As of July 1st, the Mainz-based company previously known as SCHOTT GLAS is a stock corporation (AG). With its entry into the Mainz trade register as "SCHOTT AG," the conversion process is now complete.
The Carl-Zeiss-Stiftung (Foundation) shall remain the sole stockholder of SCHOTT AG. Stock may not be sold, meaning that SCHOTT AG will not be floated on the stock exchange.
Dr. Udo Ungeheuer, Chairman of the Management Board, made the following comment on the wrap-up of the conversion: "Becoming a stock corporation will make a crucial contribution toward consolidating our strategic competitive position worldwide."

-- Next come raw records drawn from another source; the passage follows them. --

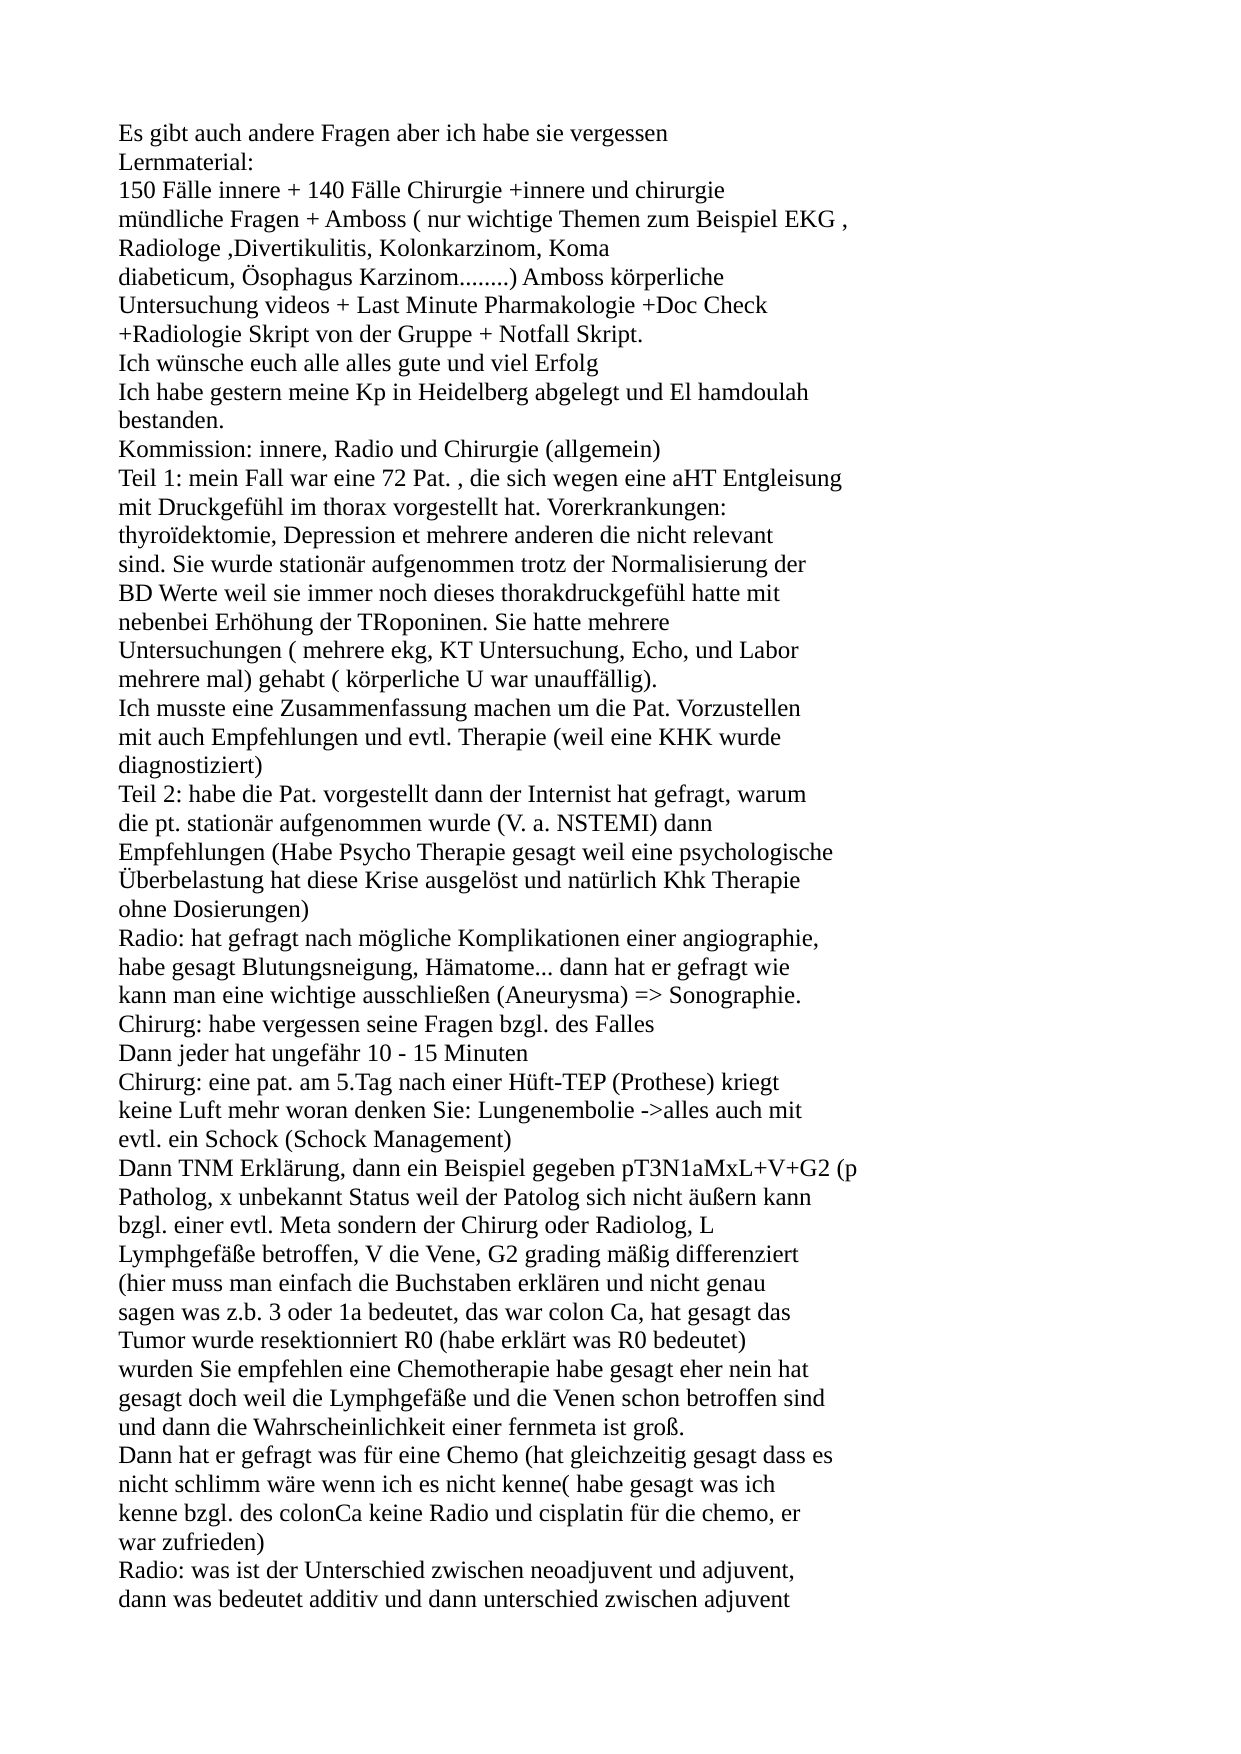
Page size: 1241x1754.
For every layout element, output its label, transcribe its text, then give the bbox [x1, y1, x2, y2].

text bestanden. [118, 406, 1122, 434]
text thyroïdektomie, Depression et mehrere anderen die nicht relevant [118, 521, 1122, 549]
text nicht schlimm wäre wenn ich es nicht kenne( habe gesagt was ich [118, 1469, 1122, 1498]
text diagnostiziert) [118, 751, 1122, 779]
text ohne Dosierungen) [118, 894, 1122, 923]
text BD Werte weil sie immer noch dieses thorakdruckgefühl hatte mit [118, 578, 1122, 607]
text Es gibt auch andere Fragen aber ich habe sie vergessen [118, 118, 1122, 147]
text war zufrieden) [118, 1527, 1122, 1556]
text Kommission: innere, Radio und Chirurgie (allgemein) [118, 434, 1122, 463]
text nebenbei Erhöhung der TRoponinen. Sie hatte mehrere [118, 607, 1122, 636]
text und dann die Wahrscheinlichkeit einer fernmeta ist groß. [118, 1412, 1122, 1441]
text dann was bedeutet additiv und dann unterschied zwischen adjuvent [118, 1584, 1122, 1613]
text kenne bzgl. des colonCa keine Radio und cisplatin für die chemo, er [118, 1498, 1122, 1527]
text kann man eine wichtige ausschließen (Aneurysma) => Sonographie. [118, 981, 1122, 1009]
text Dann jeder hat ungefähr 10 - 15 Minuten [118, 1038, 1122, 1067]
text Ich habe gestern meine Kp in Heidelberg abgelegt und El hamdoulah [118, 377, 1122, 406]
text habe gesagt Blutungsneigung, Hämatome... dann hat er gefragt wie [118, 952, 1122, 981]
text Chirurg: habe vergessen seine Fragen bzgl. des Falles [118, 1009, 1122, 1038]
text Ich wünsche euch alle alles gute und viel Erfolg [118, 348, 1122, 377]
text die pt. stationär aufgenommen wurde (V. a. NSTEMI) dann [118, 808, 1122, 837]
text Ich musste eine Zusammenfassung machen um die Pat. Vorzustellen [118, 693, 1122, 722]
text (hier muss man einfach die Buchstaben erklären und nicht genau [118, 1268, 1122, 1297]
text +Radiologie Skript von der Gruppe + Notfall Skript. [118, 319, 1122, 348]
text Empfehlungen (Habe Psycho Therapie gesagt weil eine psychologische [118, 837, 1122, 866]
text Teil 2: habe die Pat. vorgestellt dann der Internist hat gefragt, warum [118, 779, 1122, 808]
text mehrere mal) gehabt ( körperliche U war unauffällig). [118, 664, 1122, 693]
text sagen was z.b. 3 oder 1a bedeutet, das war colon Ca, hat gesagt das [118, 1297, 1122, 1326]
text gesagt doch weil die Lymphgefäße und die Venen schon betroffen sind [118, 1383, 1122, 1412]
text wurden Sie empfehlen eine Chemotherapie habe gesagt eher nein hat [118, 1354, 1122, 1383]
text Chirurg: eine pat. am 5.Tag nach einer Hüft-TEP (Prothese) kriegt [118, 1067, 1122, 1096]
text mündliche Fragen + Amboss ( nur wichtige Themen zum Beispiel EKG , [118, 204, 1122, 233]
text Patholog, x unbekannt Status weil der Patolog sich nicht äußern kann [118, 1182, 1122, 1211]
text Dann hat er gefragt was für eine Chemo (hat gleichzeitig gesagt dass es [118, 1441, 1122, 1469]
text Dann TNM Erklärung, dann ein Beispiel gegeben pT3N1aMxL+V+G2 (p [118, 1153, 1122, 1182]
text Lernmaterial: [118, 147, 1122, 176]
text bzgl. einer evtl. Meta sondern der Chirurg oder Radiolog, L [118, 1211, 1122, 1239]
text diabeticum, Ösophagus Karzinom........) Amboss körperliche [118, 262, 1122, 291]
text evtl. ein Schock (Schock Management) [118, 1124, 1122, 1153]
text Untersuchungen ( mehrere ekg, KT Untersuchung, Echo, und Labor [118, 636, 1122, 664]
text sind. Sie wurde stationär aufgenommen trotz der Normalisierung der [118, 549, 1122, 578]
text Radio: hat gefragt nach mögliche Komplikationen einer angiographie, [118, 923, 1122, 952]
text keine Luft mehr woran denken Sie: Lungenembolie ->alles auch mit [118, 1096, 1122, 1124]
text mit Druckgefühl im thorax vorgestellt hat. Vorerkrankungen: [118, 492, 1122, 521]
text Tumor wurde resektionniert R0 (habe erklärt was R0 bedeutet) [118, 1326, 1122, 1354]
text Lymphgefäße betroffen, V die Vene, G2 grading mäßig differenziert [118, 1239, 1122, 1268]
text Teil 1: mein Fall war eine 72 Pat. , die sich wegen eine aHT Entgleisung [118, 463, 1122, 492]
text mit auch Empfehlungen und evtl. Therapie (weil eine KHK wurde [118, 722, 1122, 751]
text 150 Fälle innere + 140 Fälle Chirurgie +innere und chirurgie [118, 176, 1122, 204]
text Überbelastung hat diese Krise ausgelöst und natürlich Khk Therapie [118, 866, 1122, 894]
text Radiologe ,Divertikulitis, Kolonkarzinom, Koma [118, 233, 1122, 262]
text Radio: was ist der Unterschied zwischen neoadjuvent und adjuvent, [118, 1556, 1122, 1584]
text Untersuchung videos + Last Minute Pharmakologie +Doc Check [118, 291, 1122, 319]

The conversion to a stock corporation heralds a number of strategically important changes for SCHOTT as a multinational, technology-based group: the company's new legal form is accepted and recognized on an international scale, making business activities abroad much easier. SCHOTT also becomes subject to corporate governance in line with the company's size and international standing. The conversion of SCHOTT GLAS into a legally independent stock corporation also terminates the joint liability with its sister company Carl Zeiss (Oberkochen), which also became a stock corporation today.
There are two key advantages for employees: in future, all SCHOTT employees located in Germany can vote for the employee-elected representatives on the codetermined Supervisory Board of SCHOTT AG. In addition, the employees' rights stipulated in the Carl Zeiss Foundation's new statute are being extended to all employees in Germany.